While applications for off campus study often require a social security number on the cover sheet of the application, Monmouth College’s official transcripts only list the last four digits of a social security number, questioning the need for such an important number to be required for an application.

“I don’t trust anybody at this school enough to give them my social security number,” said Deskovich. “I don’t care; look at my grades. You’re my professors, you can see my grades but the only other people that ought to know my social security number are my parents. Other than that, no one needs to know that unless I’m filling out an application or something.”

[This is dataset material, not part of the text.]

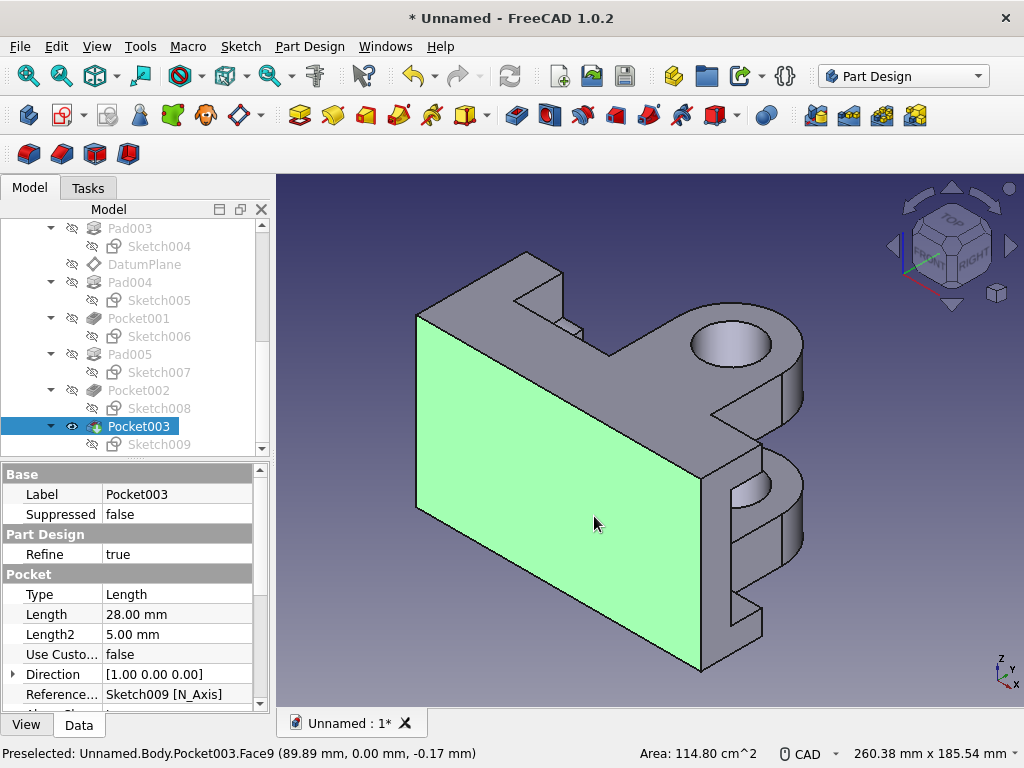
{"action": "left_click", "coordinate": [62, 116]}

An underlying issue is a violation of FERPA, the Family Educational Rights and Privacy Act. Students are protected from having their documents released to anyone other than faculty and staff. Students must even sign a form to allow parental access to files.

“Only people with legitimate educational interests should have access to information that’s in a student’s file,” said Condon. “And a file is either the paper or the electronic.”

Condon explained that legally, a school that violates FERPA could be fined through the withholding of federal financial aid. Normally, schools are alerted to FERPA violations by the Department of Education and are only fined if no action is taken to correct the violation, so Monmouth College will not be fined or even required to report the offense to the federal government. In addition, legal action cannot be brought against individuals at a school.

“This is not something that someone has done maliciously,” said Condon. “This is clearly an error.”